The company's GAAP R&D was $207.1 million compared with $215.9 million in last year's third quarter; non-GAAP R&D was $193.3 million compared with $202.2 million in the third quarter of 2009.
During the third quarter, Genzyme began reducing spending in advance of the implementation of the Value Improvement Program, which is beginning this quarter and intended to significantly reduce operating costs and improve margins over the next 15 months, with the full impact seen by 2012. Fourth-quarter savings resulting from this program are expected to be $0.05 per share, which is already accounted for in the fourth-quarter non-GAAP EPS guidance of $0.90 - $0.95.
Late-Stage R&D Programs
Genzyme's late-stage pipeline features three novel treatments that are expected to help drive the company's long-term growth:
- Genzyme last week presented five-year data from the phase 2 trial of alemtuzumab in multiple sclerosis at the Congress of the European Committee for Treatment and Research in Multiple Sclerosis.

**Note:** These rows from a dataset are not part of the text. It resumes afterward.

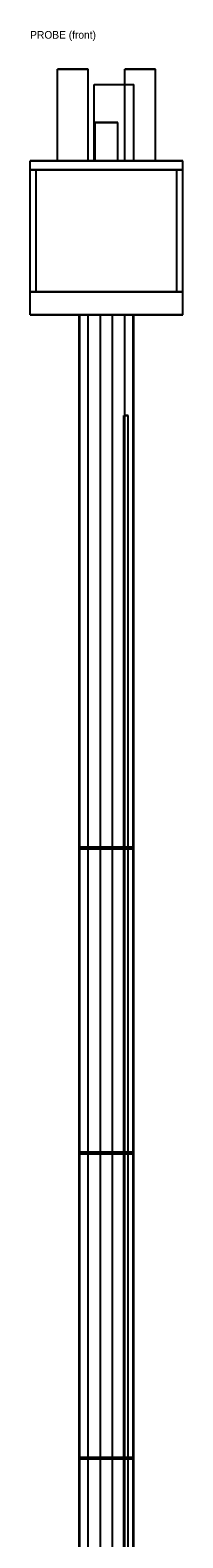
# Model space of a CAD drawing. Header units: metres. Extents: x -50 to 316, y -40 to 1937.
# Tile 2 of 2: x -50 to 50, y 948 to 1937. Entities that reach past the tile are written whole.
import ezdxf

# ---------------------------------------------------------------- set-up
doc = ezdxf.new("R2010")
doc.units = ezdxf.units.M
for name, color, linetype in [('HIDDEN', 8, 'Continuous'), ('TEXT', 3, 'Continuous'), ('VISIBLE', 7, 'Continuous')]:
    doc.layers.add(name, color=color, linetype=linetype)

msp = doc.modelspace()

# ---------------------------------------------------------------- linework, layer by layer
at = {"layer": 'HIDDEN'}
for points in [[(-12, 1911), (-12.25, 1911), (-12.99, 1911), (-14.18, 1911), (-15.77, 1911), (-17.66, 1911), (-19.77, 1911), (-22, 1911), (-24.23, 1911), (-26.34, 1911), (-28.23, 1911), (-29.82, 1911), (-31.01, 1911), (-31.75, 1911), (-32, 1911)], [(32, 1911), (31.75, 1911), (31.01, 1911), (29.82, 1911), (28.23, 1911), (26.34, 1911), (24.23, 1911), (22, 1911), (19.77, 1911), (17.66, 1911), (15.77, 1911), (14.18, 1911), (12.99, 1911), (12.25, 1911), (12, 1911)], [(-8, 1851), (-8, 1901)], [(-8, 1901), (18, 1901)], [(12, 1851), (12, 1901)], [(18, 1851), (18, 1901)], [(7.5, 1876), (7.31, 1876), (6.76, 1876), (5.86, 1876), (4.68, 1876), (3.25, 1876), (1.67, 1876), (0, 1876), (-1.67, 1876), (-3.25, 1876), (-4.68, 1876), (-5.86, 1876), (-6.76, 1876), (-7.31, 1876), (-7.5, 1876)], [(-7.5, 1876), (-7.31, 1876), (-6.76, 1876), (-5.86, 1876), (-4.68, 1876), (-3.25, 1876), (-1.67, 1876), (0, 1876), (1.67, 1876), (3.25, 1876), (4.68, 1876), (5.86, 1876), (6.76, 1876), (7.31, 1876), (7.5, 1876)], [(7.5, 1876), (7.31, 1876), (6.76, 1876), (5.86, 1876), (4.68, 1876), (3.25, 1876), (1.67, 1876), (0, 1876), (-1.67, 1876), (-3.25, 1876), (-4.68, 1876), (-5.86, 1876), (-6.76, 1876), (-7.31, 1876), (-7.5, 1876)], [(-7.5, 1876), (-7.31, 1876), (-6.76, 1876), (-5.86, 1876), (-4.68, 1876), (-3.25, 1876), (-1.67, 1876), (0, 1876), (1.67, 1876), (3.25, 1876), (4.68, 1876), (5.86, 1876), (6.76, 1876), (7.31, 1876), (7.5, 1876)], [(-7.5, 1851), (-7.5, 1876)], [(-7.5, 1851), (-7.5, 1876)], [(7.5, 1851), (7.5, 1876)], [(7.5, 1851), (7.5, 1876)], [(50, 1851), (48.75, 1851), (45.05, 1851), (39.09, 1851), (31.17, 1851), (21.69, 1851), (11.13, 1851), (0, 1851), (-11.13, 1851), (-21.69, 1851), (-31.17, 1851), (-39.09, 1851), (-45.05, 1851), (-48.75, 1851), (-50, 1851)], [(-12, 1851), (-12.25, 1851), (-12.99, 1851), (-14.18, 1851), (-15.77, 1851), (-17.66, 1851), (-19.77, 1851), (-22, 1851), (-24.23, 1851), (-26.34, 1851), (-28.23, 1851), (-29.82, 1851), (-31.01, 1851), (-31.75, 1851), (-32, 1851)], [(-32, 1851), (-31.75, 1851), (-31.01, 1851), (-29.82, 1851), (-28.23, 1851), (-26.34, 1851), (-24.23, 1851), (-22, 1851), (-19.77, 1851), (-17.66, 1851), (-15.77, 1851), (-14.18, 1851), (-12.99, 1851), (-12.25, 1851), (-12, 1851)], [(-8, 1851), (18, 1851)], [(-8, 1851), (18, 1851)], [(7.5, 1851), (7.31, 1851), (6.76, 1851), (5.86, 1851), (4.68, 1851), (3.25, 1851), (1.67, 1851), (0, 1851), (-1.67, 1851), (-3.25, 1851), (-4.68, 1851), (-5.86, 1851), (-6.76, 1851), (-7.31, 1851), (-7.5, 1851)], [(-7.5, 1851), (-7.31, 1851), (-6.76, 1851), (-5.86, 1851), (-4.68, 1851), (-3.25, 1851), (-1.67, 1851), (0, 1851), (1.67, 1851), (3.25, 1851), (4.68, 1851), (5.86, 1851), (6.76, 1851), (7.31, 1851), (7.5, 1851)], [(7.5, 1851), (7.31, 1851), (6.76, 1851), (5.86, 1851), (4.68, 1851), (3.25, 1851), (1.67, 1851), (0, 1851), (-1.67, 1851), (-3.25, 1851), (-4.68, 1851), (-5.86, 1851), (-6.76, 1851), (-7.31, 1851), (-7.5, 1851)], [(-7.5, 1851), (-7.31, 1851), (-6.76, 1851), (-5.86, 1851), (-4.68, 1851), (-3.25, 1851), (-1.67, 1851), (0, 1851), (1.67, 1851), (3.25, 1851), (4.68, 1851), (5.86, 1851), (6.76, 1851), (7.31, 1851), (7.5, 1851)], [(32, 1851), (31.75, 1851), (31.01, 1851), (29.82, 1851), (28.23, 1851), (26.34, 1851), (24.23, 1851), (22, 1851), (19.77, 1851), (17.66, 1851), (15.77, 1851), (14.18, 1851), (12.99, 1851), (12.25, 1851), (12, 1851)], [(12, 1851), (12.25, 1851), (12.99, 1851), (14.18, 1851), (15.77, 1851), (17.66, 1851), (19.77, 1851), (22, 1851), (24.23, 1851), (26.34, 1851), (28.23, 1851), (29.82, 1851), (31.01, 1851), (31.75, 1851), (32, 1851)], [(50, 1845), (48.75, 1845), (45.05, 1845), (39.09, 1845), (31.17, 1845), (21.69, 1845), (11.13, 1845), (0, 1845), (-11.13, 1845), (-21.69, 1845), (-31.17, 1845), (-39.09, 1845), (-45.05, 1845), (-48.75, 1845), (-50, 1845)], [(46, 1845), (44.85, 1845), (41.44, 1845), (35.96, 1845), (28.68, 1845), (19.96, 1845), (10.24, 1845), (0, 1845), (-10.24, 1845), (-19.96, 1845), (-28.68, 1845), (-35.96, 1845), (-41.44, 1845), (-44.85, 1845), (-46, 1845)], [(-46, 1845), (-44.85, 1845), (-41.44, 1845), (-35.96, 1845), (-28.68, 1845), (-19.96, 1845), (-10.24, 1845), (0, 1845), (10.24, 1845), (19.96, 1845), (28.68, 1845), (35.96, 1845), (41.44, 1845), (44.85, 1845), (46, 1845)], [(-46, 1765), (-46, 1845)], [(46, 1765), (46, 1845)], [(50, 1765), (48.75, 1765), (45.05, 1765), (39.09, 1765), (31.17, 1765), (21.69, 1765), (11.13, 1765), (0, 1765), (-11.13, 1765), (-21.69, 1765), (-31.17, 1765), (-39.09, 1765), (-45.05, 1765), (-48.75, 1765), (-50, 1765)], [(50, 1765), (48.75, 1765), (45.05, 1765), (39.09, 1765), (31.17, 1765), (21.69, 1765), (11.13, 1765), (0, 1765), (-11.13, 1765), (-21.69, 1765), (-31.17, 1765), (-39.09, 1765), (-45.05, 1765), (-48.75, 1765), (-50, 1765)], [(46, 1765), (44.85, 1765), (41.44, 1765), (35.96, 1765), (28.68, 1765), (19.96, 1765), (10.24, 1765), (0, 1765), (-10.24, 1765), (-19.96, 1765), (-28.68, 1765), (-35.96, 1765), (-41.44, 1765), (-44.85, 1765), (-46, 1765)], [(-46, 1765), (-44.85, 1765), (-41.44, 1765), (-35.96, 1765), (-28.68, 1765), (-19.96, 1765), (-10.24, 1765), (0, 1765), (10.24, 1765), (19.96, 1765), (28.68, 1765), (35.96, 1765), (41.44, 1765), (44.85, 1765), (46, 1765)], [(50, 1750), (48.75, 1750), (45.05, 1750), (39.09, 1750), (31.17, 1750), (21.69, 1750), (11.13, 1750), (0, 1750), (-11.13, 1750), (-21.69, 1750), (-31.17, 1750), (-39.09, 1750), (-45.05, 1750), (-48.75, 1750), (-50, 1750)], [(18, 1750), (17.55, 1750), (16.22, 1750), (14.07, 1750), (11.22, 1750), (7.81, 1750), (4.01, 1750), (0, 1750), (-4.01, 1750), (-7.81, 1750), (-11.22, 1750), (-14.07, 1750), (-16.22, 1750), (-17.55, 1750), (-18, 1750)], [(-18, 1750), (-17.55, 1750), (-16.22, 1750), (-14.07, 1750), (-11.22, 1750), (-7.81, 1750), (-4.01, 1750), (0, 1750), (4.01, 1750), (7.81, 1750), (11.22, 1750), (14.07, 1750), (16.22, 1750), (17.55, 1750), (18, 1750)], [(17.5, 1750), (17.06, 1750), (15.77, 1750), (13.68, 1750), (10.91, 1750), (7.59, 1750), (3.89, 1750), (0, 1750), (-3.89, 1750), (-7.59, 1750), (-10.91, 1750), (-13.68, 1750), (-15.77, 1750), (-17.06, 1750), (-17.5, 1750)], [(-17.5, 1750), (-17.06, 1750), (-15.77, 1750), (-13.68, 1750), (-10.91, 1750), (-7.59, 1750), (-3.89, 1750), (0, 1750), (3.89, 1750), (7.59, 1750), (10.91, 1750), (13.68, 1750), (15.77, 1750), (17.06, 1750), (17.5, 1750)], [(-17.5, 70), (-17.5, 1750)], [(-4, 1750), (-4.1, 1750), (-4.4, 1750), (-4.87, 1750), (-5.51, 1750), (-6.26, 1750), (-7.11, 1750), (-8, 1750), (-8.89, 1750), (-9.74, 1750), (-10.49, 1750), (-11.13, 1750), (-11.6, 1750), (-11.9, 1750), (-12, 1750)], [(-12, 1750), (-11.9, 1750), (-11.6, 1750), (-11.13, 1750), (-10.49, 1750), (-9.74, 1750), (-8.89, 1750), (-8, 1750), (-7.11, 1750), (-6.26, 1750), (-5.51, 1750), (-4.87, 1750), (-4.4, 1750), (-4.1, 1750), (-4, 1750)], [(-12, 400), (-12, 1750)], [(-4, 400), (-4, 1750)], [(12, 1750), (11.9, 1750), (11.6, 1750), (11.13, 1750), (10.49, 1750), (9.74, 1750), (8.89, 1750), (8, 1750), (7.11, 1750), (6.26, 1750), (5.51, 1750), (4.87, 1750), (4.4, 1750), (4.1, 1750), (4, 1750)], [(4, 1750), (4.1, 1750), (4.4, 1750), (4.87, 1750), (5.51, 1750), (6.26, 1750), (7.11, 1750), (8, 1750), (8.89, 1750), (9.74, 1750), (10.49, 1750), (11.13, 1750), (11.6, 1750), (11.9, 1750), (12, 1750)], [(4, 400), (4, 1750)], [(12, 400), (12, 1750)], [(17.5, 70), (17.5, 1750)], [(14.25, 1684), (14.21, 1684), (14.1, 1684), (13.92, 1684), (13.69, 1684), (13.4, 1684), (13.08, 1684), (12.75, 1684), (12.42, 1684), (12.1, 1684), (11.81, 1684), (11.58, 1684), (11.4, 1684), (11.29, 1684), (11.25, 1684)], [(11.25, 1684), (11.29, 1684), (11.4, 1684), (11.58, 1684), (11.81, 1684), (12.1, 1684), (12.42, 1684), (12.75, 1684), (13.08, 1684), (13.4, 1684), (13.69, 1684), (13.92, 1684), (14.1, 1684), (14.21, 1684), (14.25, 1684)], [(11.25, 4), (11.25, 1684)], [(14.25, 4), (14.25, 1684)], [(17.4, 1401), (16.96, 1401), (15.68, 1401), (13.6, 1401), (10.85, 1401), (7.55, 1401), (3.87, 1401), (0, 1401), (-3.87, 1401), (-7.55, 1401), (-10.85, 1401), (-13.6, 1401), (-15.68, 1401), (-16.96, 1401), (-17.4, 1401)], [(-17.4, 1401), (-16.96, 1401), (-15.68, 1401), (-13.6, 1401), (-10.85, 1401), (-7.55, 1401), (-3.87, 1401), (0, 1401), (3.87, 1401), (7.55, 1401), (10.85, 1401), (13.6, 1401), (15.68, 1401), (16.96, 1401), (17.4, 1401)], [(-17.4, 1400), (-17.4, 1401)], [(17.4, 1400), (16.96, 1400), (15.68, 1400), (13.6, 1400), (10.85, 1400), (7.55, 1400), (3.87, 1400), (0, 1400), (-3.87, 1400), (-7.55, 1400), (-10.85, 1400), (-13.6, 1400), (-15.68, 1400), (-16.96, 1400), (-17.4, 1400)], [(-17.4, 1400), (-16.96, 1400), (-15.68, 1400), (-13.6, 1400), (-10.85, 1400), (-7.55, 1400), (-3.87, 1400), (0, 1400), (3.87, 1400), (7.55, 1400), (10.85, 1400), (13.6, 1400), (15.68, 1400), (16.96, 1400), (17.4, 1400)], [(17.4, 1400), (17.4, 1401)], [(17.4, 1201), (16.96, 1201), (15.68, 1201), (13.6, 1201), (10.85, 1201), (7.55, 1201), (3.87, 1201), (0, 1201), (-3.87, 1201), (-7.55, 1201), (-10.85, 1201), (-13.6, 1201), (-15.68, 1201), (-16.96, 1201), (-17.4, 1201)], [(-17.4, 1201), (-16.96, 1201), (-15.68, 1201), (-13.6, 1201), (-10.85, 1201), (-7.55, 1201), (-3.87, 1201), (0, 1201), (3.87, 1201), (7.55, 1201), (10.85, 1201), (13.6, 1201), (15.68, 1201), (16.96, 1201), (17.4, 1201)], [(-17.4, 1200), (-17.4, 1201)], [(17.4, 1200), (16.96, 1200), (15.68, 1200), (13.6, 1200), (10.85, 1200), (7.55, 1200), (3.87, 1200), (0, 1200), (-3.87, 1200), (-7.55, 1200), (-10.85, 1200), (-13.6, 1200), (-15.68, 1200), (-16.96, 1200), (-17.4, 1200)], [(-17.4, 1200), (-16.96, 1200), (-15.68, 1200), (-13.6, 1200), (-10.85, 1200), (-7.55, 1200), (-3.87, 1200), (0, 1200), (3.87, 1200), (7.55, 1200), (10.85, 1200), (13.6, 1200), (15.68, 1200), (16.96, 1200), (17.4, 1200)], [(17.4, 1200), (17.4, 1201)], [(17.4, 1001), (16.96, 1001), (15.68, 1001), (13.6, 1001), (10.85, 1001), (7.55, 1001), (3.87, 1001), (0, 1001), (-3.87, 1001), (-7.55, 1001), (-10.85, 1001), (-13.6, 1001), (-15.68, 1001), (-16.96, 1001), (-17.4, 1001)], [(-17.4, 1001), (-16.96, 1001), (-15.68, 1001), (-13.6, 1001), (-10.85, 1001), (-7.55, 1001), (-3.87, 1001), (0, 1001), (3.87, 1001), (7.55, 1001), (10.85, 1001), (13.6, 1001), (15.68, 1001), (16.96, 1001), (17.4, 1001)], [(-17.4, 1000), (-17.4, 1001)], [(17.4, 1000), (16.96, 1000), (15.68, 1000), (13.6, 1000), (10.85, 1000), (7.55, 1000), (3.87, 1000), (0, 1000), (-3.87, 1000), (-7.55, 1000), (-10.85, 1000), (-13.6, 1000), (-15.68, 1000), (-16.96, 1000), (-17.4, 1000)], [(-17.4, 1000), (-16.96, 1000), (-15.68, 1000), (-13.6, 1000), (-10.85, 1000), (-7.55, 1000), (-3.87, 1000), (0, 1000), (3.87, 1000), (7.55, 1000), (10.85, 1000), (13.6, 1000), (15.68, 1000), (16.96, 1000), (17.4, 1000)], [(17.4, 1000), (17.4, 1001)]]:
    msp.add_lwpolyline(points, dxfattribs=at)
at = {"layer": 'VISIBLE'}
for points in [[(-32, 1911), (-31.75, 1911), (-31.01, 1911), (-29.82, 1911), (-28.23, 1911), (-26.34, 1911), (-24.23, 1911), (-22, 1911), (-19.77, 1911), (-17.66, 1911), (-15.77, 1911), (-14.18, 1911), (-12.99, 1911), (-12.25, 1911), (-12, 1911)], [(-32, 1851), (-32, 1911)], [(-12, 1851), (-12, 1911)], [(12, 1911), (12.25, 1911), (12.99, 1911), (14.18, 1911), (15.77, 1911), (17.66, 1911), (19.77, 1911), (22, 1911), (24.23, 1911), (26.34, 1911), (28.23, 1911), (29.82, 1911), (31.01, 1911), (31.75, 1911), (32, 1911)], [(12, 1901), (12, 1911)], [(32, 1851), (32, 1911)], [(-8, 1851), (-8, 1901)], [(-8, 1901), (18, 1901)], [(18, 1851), (18, 1901)], [(-50, 1851), (-48.75, 1851), (-45.05, 1851), (-39.09, 1851), (-31.17, 1851), (-21.69, 1851), (-11.13, 1851), (0, 1851), (11.13, 1851), (21.69, 1851), (31.17, 1851), (39.09, 1851), (45.05, 1851), (48.75, 1851), (50, 1851)], [(-50, 1845), (-50, 1851)], [(50, 1845), (50, 1851)], [(-50, 1845), (-48.75, 1845), (-45.05, 1845), (-39.09, 1845), (-31.17, 1845), (-21.69, 1845), (-11.13, 1845), (0, 1845), (11.13, 1845), (21.69, 1845), (31.17, 1845), (39.09, 1845), (45.05, 1845), (48.75, 1845), (50, 1845)], [(-50, 1765), (-50, 1845)], [(50, 1765), (50, 1845)], [(-50, 1765), (-48.75, 1765), (-45.05, 1765), (-39.09, 1765), (-31.17, 1765), (-21.69, 1765), (-11.13, 1765), (0, 1765), (11.13, 1765), (21.69, 1765), (31.17, 1765), (39.09, 1765), (45.05, 1765), (48.75, 1765), (50, 1765)], [(-50, 1765), (-48.75, 1765), (-45.05, 1765), (-39.09, 1765), (-31.17, 1765), (-21.69, 1765), (-11.13, 1765), (0, 1765), (11.13, 1765), (21.69, 1765), (31.17, 1765), (39.09, 1765), (45.05, 1765), (48.75, 1765), (50, 1765)], [(-50, 1750), (-50, 1765)], [(50, 1750), (50, 1765)], [(-50, 1750), (-48.75, 1750), (-45.05, 1750), (-39.09, 1750), (-31.17, 1750), (-21.69, 1750), (-11.13, 1750), (0, 1750), (11.13, 1750), (21.69, 1750), (31.17, 1750), (39.09, 1750), (45.05, 1750), (48.75, 1750), (50, 1750)], [(-18, 70), (-18, 1750)], [(18, 70), (18, 1750)]]:
    msp.add_lwpolyline(points, dxfattribs=at)

# ---------------------------------------------------------------- texts
at = {"layer": 'TEXT'}
msp.add_text('PROBE (front)', height=5, dxfattribs=at).set_placement((-50, 1931))

doc.saveas('drawing.dxf')

Data from a sub-group analysis showed that clinical outcomes persist at 60 months. Nearly 90 percent of alemtuzumab-treated patients were free of sustained accumulation of disability and maintained improved mean disability scores and a low risk of relapse over the 60-month follow-up period, with no changes in the safety profile. Two phase 3 studies are ongoing and data are expected beginning in mid-2011. The company expects to file for U.S. and E.U. approval in early 2012, and has been granted fast track status by the FDA for this submission.
- Genzyme and Isis Pharmaceuticals Inc. reported in August that phase 3 studies of mipomersen in severe hypercholesterolemia and high-risk patients met their primary endpoints with 36 and 37 percent LDL-C reductions. These two studies, along with two additional phase 3 trials that have already been completed, will contribute to the initial U.S. and E.U. regulatory filings for the product, which will seek approval for the treatment of patients with the genetic disease homozygous familial hypercholesterolemia (FH). These two filings may also include patients with severe heterozygous FH, and are anticipated in the first half of 2011.
- Enrollment is underway in three global, multi-center, phase 3 trials of eliglustat tartrate, Genzyme's investigational oral therapy for patients with Gaucher disease type 1. There are currently a total of 65 active sites for these trials, with additional sites preparing to begin enrollment. Two-year follow-up data from the phase 2 clinical trial of the treatment were recently published in the journal Blood, and indicate continued improvements across all endpoints. Thirty-month data from the trial will be presented at the American Society of Human Genetics annual meeting next month. This therapy has the potential to transform the treatment experience for patients by providing an oral capsule option instead of bi-weekly infusions.